Q: Does sustainability look the same in every country?
The principles are the same - People, Planet, Prosperity - but the path looks different. A country struggling with water scarcity will focus differently than one battling flooding. Sustainability is always contextual. It must adapt to local realities.
Q: How can we reach effective governance in sustaining sustainability?
By making sustainability a defined responsibility. Give people roles. Put it into contracts. Use stage-gates to enforce it. Tie incentives to sustainability outcomes, not just financial ones. Governance is what keeps sustainability from being optional.
Q: Is it too late to save nature from climate change - should we be proactive or reactive?
We’re late, but not done. Being reactive costs more and delivers less. The smart play is proactive: mitigation, adaptation, and phasing out harmful practices now. Every delay raises both risk and cost.
Q: What does true leadership in sustainability look like when compromise seems easier?
It looks like holding the line when the pressure is to cave. Leadership means saying “no” when crossing impact thresholds isn’t acceptable. It’s putting long-term value ahead of short-term comfort and being transparent with stakeholders about why it matters.
Q: How can PMs influence sponsors, given the conflicting interests regarding project resources and the complexity of SD requirements?
Speak the sponsor’s language: risk reduction, cost savings, faster approvals, better financing, market advantage. Sponsors don’t fear sustainability — they fear uncertainty. If you can present clear, defensible business cases with quantified outcomes, you’ll win support.

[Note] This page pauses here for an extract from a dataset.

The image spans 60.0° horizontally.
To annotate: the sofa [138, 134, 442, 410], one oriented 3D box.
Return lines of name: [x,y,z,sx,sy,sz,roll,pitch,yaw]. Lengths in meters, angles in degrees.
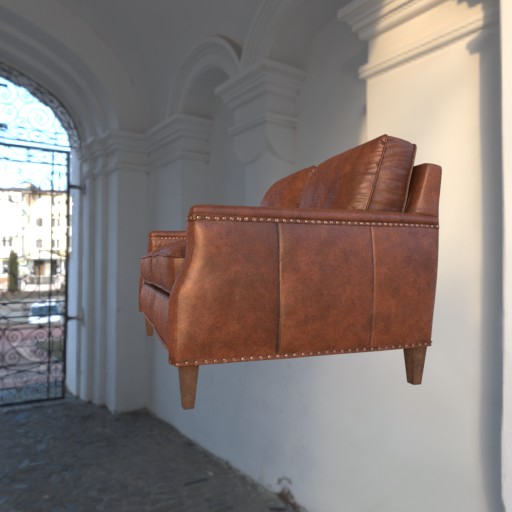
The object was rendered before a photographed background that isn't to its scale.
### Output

Q: Doesn’t the high cost of funding large-scale African projects with hefty risk premiums severely impact sustainability due to high interest payments?
Yes, but there are solutions: blended finance, guarantees, local currency lending, results-based grants, carbon and biodiversity credits. Strong governance and transparent reporting reduce risk premiums over time. Sustainability becomes viable when you design projects to de-risk investment.
Q: Is sustainability grounded in ethical and ecological responsibility, or is it a means to serve broader geopolitical agendas?
It’s both. At its heart, it’s about ethics and ecology. But yes, it gets used in geopolitics too. Our role as professionals is to ground it in evidence, transparency, and community benefit. If a project doesn’t deliver on those, it shouldn’t move forward.
Q: Considering the significant costs, how do we balance environmental sustainability with the potential economic burden?
By looking at total value, not just upfront cost. Sustainable choices often pay for themselves through efficiency and durability. Sequence investments: start with no-regret actions, then financed initiatives with clear returns, then strategic moves backed by blended capital. It’s not about burden, it’s about smarter value delivery.
Q: As a project manager, how do you manage value delivery when political interference takes away the benefits?
You lock value into contracts and governance. You use public dashboards for transparency. You document every change. Independent oversight and escrow mechanisms raise the cost of interference and keep benefits visible to stakeholders. Sunlight is a strong deterrent.
Q: How can we connect traditional African sustainable practices with modern certification and demonstrate long-term community impact to investors?
By co-creating with communities. Gather and document indigenous practices like water harvesting or agroforestry, test and certify their performance, and present the results in investor terms: lower costs, greater resilience, more stable returns. Tradition plus verified data is compelling - for communities and for capital.